Recognising that this project had significant potential beyond research, Sizaire worked with Dr. Gençer and fellow MIT student Jim Owens to spin out Sesame Sustainability, a startup dedicated to transforming how industries approach decarbonisation planning.
Spinning out Sesame Sustainability
Sesame Sustainability takes the modeling capabilities of SESAME’s original software and turns it into an intuitive tool that companies can use to decarbonise complex supply chains.
It’s built to solve one of the energy transition’s biggest challenges: With often billion-dollar assets that have exceedingly complex operational parameters, organisations must conduct vast amounts of research before they can take any tangible action.

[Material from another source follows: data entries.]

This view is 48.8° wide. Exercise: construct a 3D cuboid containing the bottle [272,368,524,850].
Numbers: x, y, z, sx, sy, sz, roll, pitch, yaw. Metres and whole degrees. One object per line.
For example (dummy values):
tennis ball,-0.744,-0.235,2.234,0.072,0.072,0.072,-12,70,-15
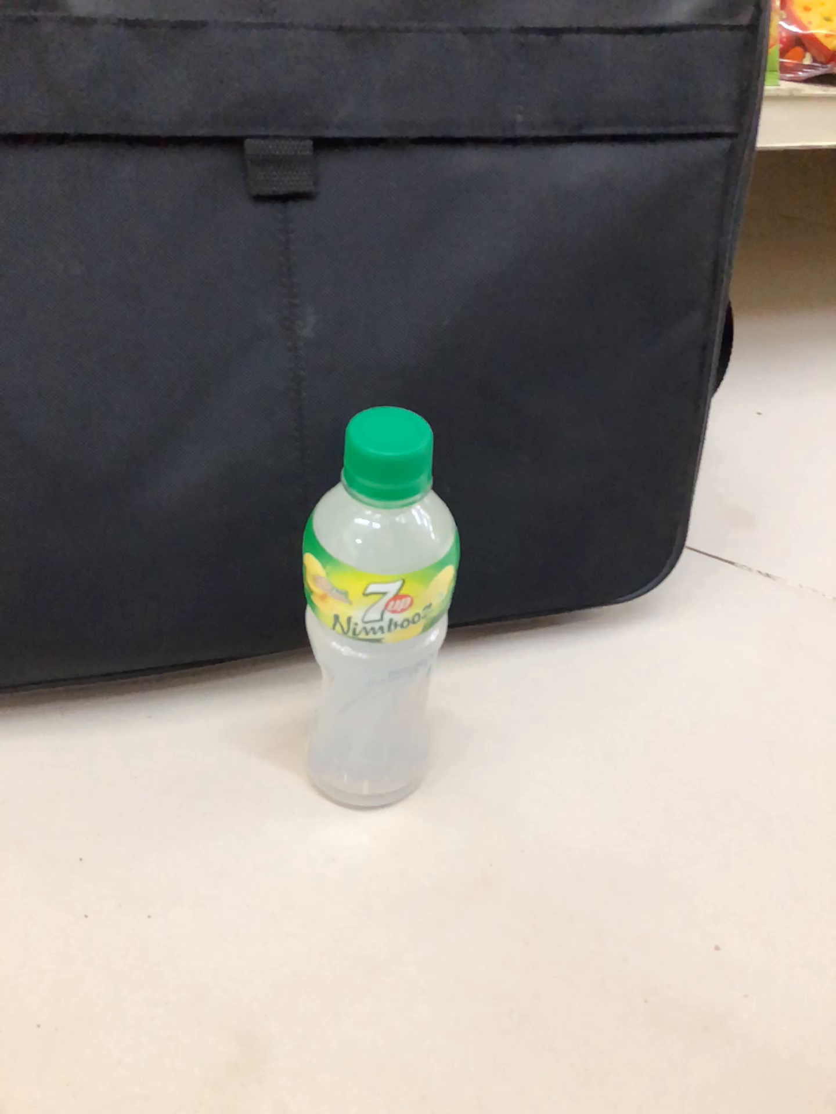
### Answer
bottle,-0.016,0.028,0.363,0.070,0.189,0.070,3,41,-3
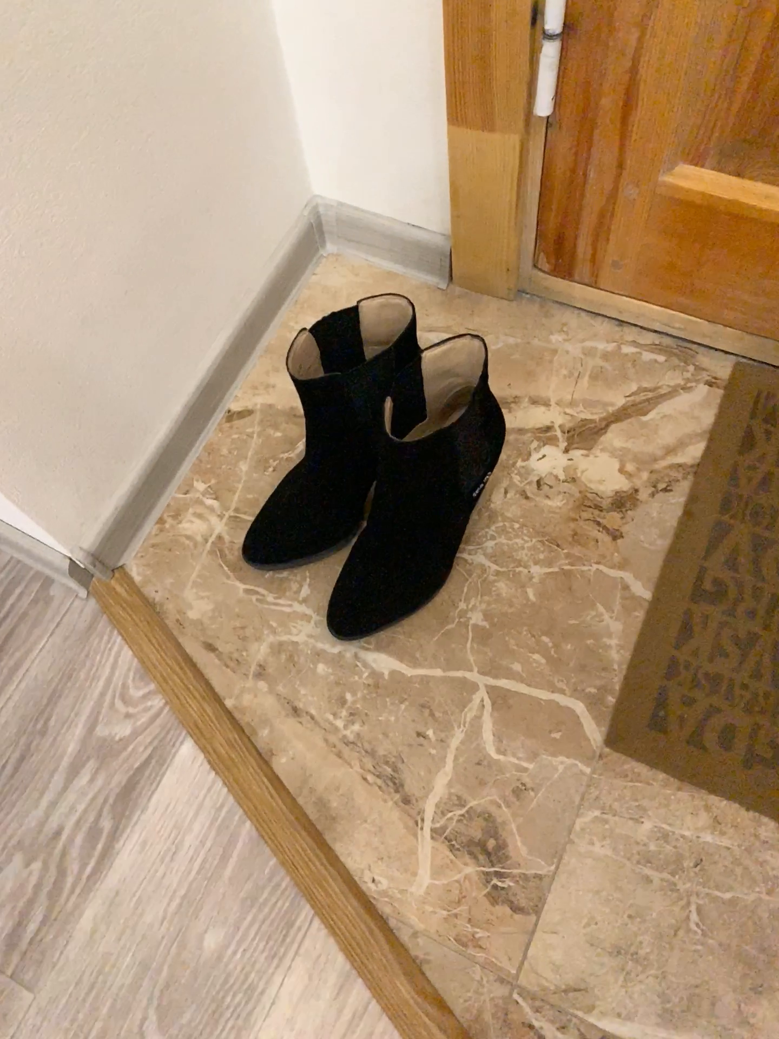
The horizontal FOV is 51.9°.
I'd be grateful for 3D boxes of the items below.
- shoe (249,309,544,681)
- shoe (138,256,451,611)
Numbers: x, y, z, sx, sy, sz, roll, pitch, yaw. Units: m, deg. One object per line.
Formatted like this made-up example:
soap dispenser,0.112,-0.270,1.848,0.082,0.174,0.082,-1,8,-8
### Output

Without an efficient way to understand which technological pathways can meaningfully reduce emissions while remaining economically viable, any major change can take months to years to implement.

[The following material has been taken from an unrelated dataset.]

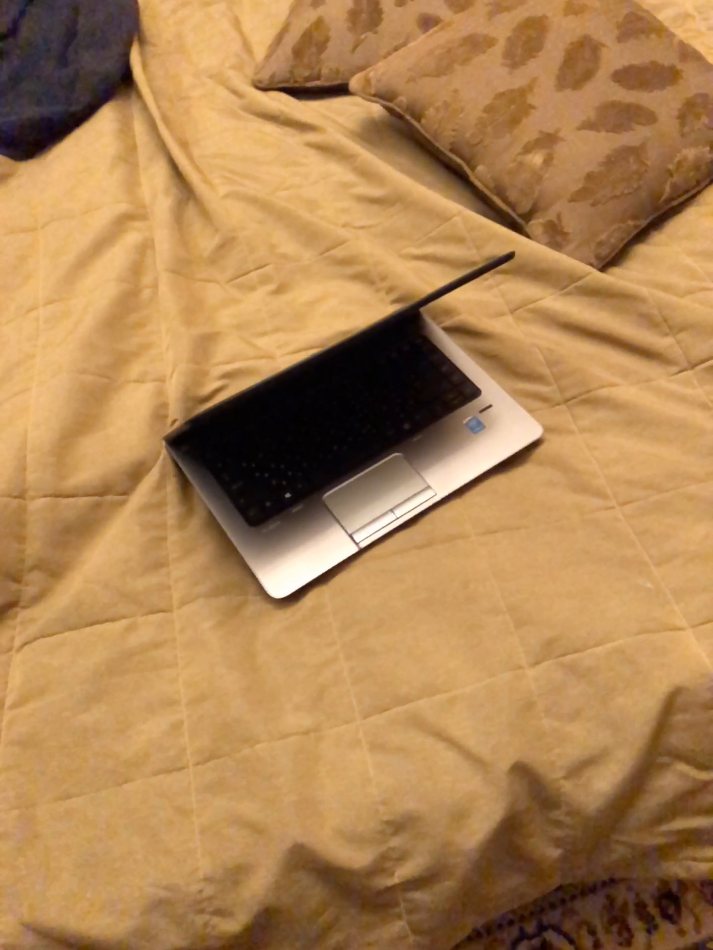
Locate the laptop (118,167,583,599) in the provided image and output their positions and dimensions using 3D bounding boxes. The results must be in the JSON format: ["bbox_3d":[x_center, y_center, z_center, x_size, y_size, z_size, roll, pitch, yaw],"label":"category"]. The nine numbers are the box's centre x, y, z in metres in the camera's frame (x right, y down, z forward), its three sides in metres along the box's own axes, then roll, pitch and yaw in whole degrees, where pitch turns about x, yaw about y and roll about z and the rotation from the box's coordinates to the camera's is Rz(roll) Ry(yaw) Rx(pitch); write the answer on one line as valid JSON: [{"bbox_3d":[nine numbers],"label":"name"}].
[{"bbox_3d":[-0.004,-0.096,0.748,0.332,0.189,0.225,-31,60,-19],"label":"laptop"}]

By modelling both emissions and economic trade-offs across a range of technology pathways, Sesame Sustainability’s software allows organisations to run high-fidelity assessments in a matter of weeks instead of spending months to years on traditional engineering feasibility studies.
Tailor-fitting his earlier optimisation algorithms, Sizaire has powered the platform with models that clearly simulate the operation of industrial assets when powered with variable renewable electricity — ultimately optimising their capacity and deployment.
However, what proved to be a challenge was making these models usable and the data-rich results readable by non-technical stakeholders. To this end, Sizaire taught himself Figma and designed an intuitive user interface that allows users to easily interact with the underlying optimisation model, get digestible results for their specific configuration, and immediately see their potential impact on emissions and costs — successfully abstracting the complexity of energy systems without sacrificing analytical depth.
“I am particularly proud of Sesame’s user experience because we represent very complex processes in a streamlined way without compromising on granularity and detail,” Sizaire says. “It’s what we hope will be the democratisation of decarbonisation assessments.”
With clearer data and a powerful, intuitive modelling framework, Sesame Sustainability is empowering companies to align around consistent insights, efficiently plan sustainability initiatives, and move faster toward cleaner technologies. In just its first year, it raised a $2.4M seed round from investors like Flybridge and Powerhouse Ventures, attracting clients like industry leaders Chevron and JERA (one of Japan’s largest power generation companies) — both of which are already using the platform to evaluate emissions-reduction strategies across their operations.
A London-born vision with global ambition
From his studies at Imperial to leading global decarbonisation at Sesame Sustainability, Paul Sizaire has refined his vision to a specific goal: accelerating the world’s path to net zero.
His work at Sesame is going a long way toward meeting this goal. By transforming obtuse academic research into real-world insights that power practical planning, he’s helping make decarbonisation an achievable mission at a critical moment, as industrial companies face growing pressure to reduce emissions while maintaining economic viability. In reducing months of engineering studies to weeks of interactive planning, Sizaire and his team are removing one of the most persistent bottlenecks in the energy transition.
And in a climate crisis where time is as precious as the solutions themselves, his work to expedite industrial decarbonisation may prove to be just as vital as the renewable technologies these industries will eventually deploy.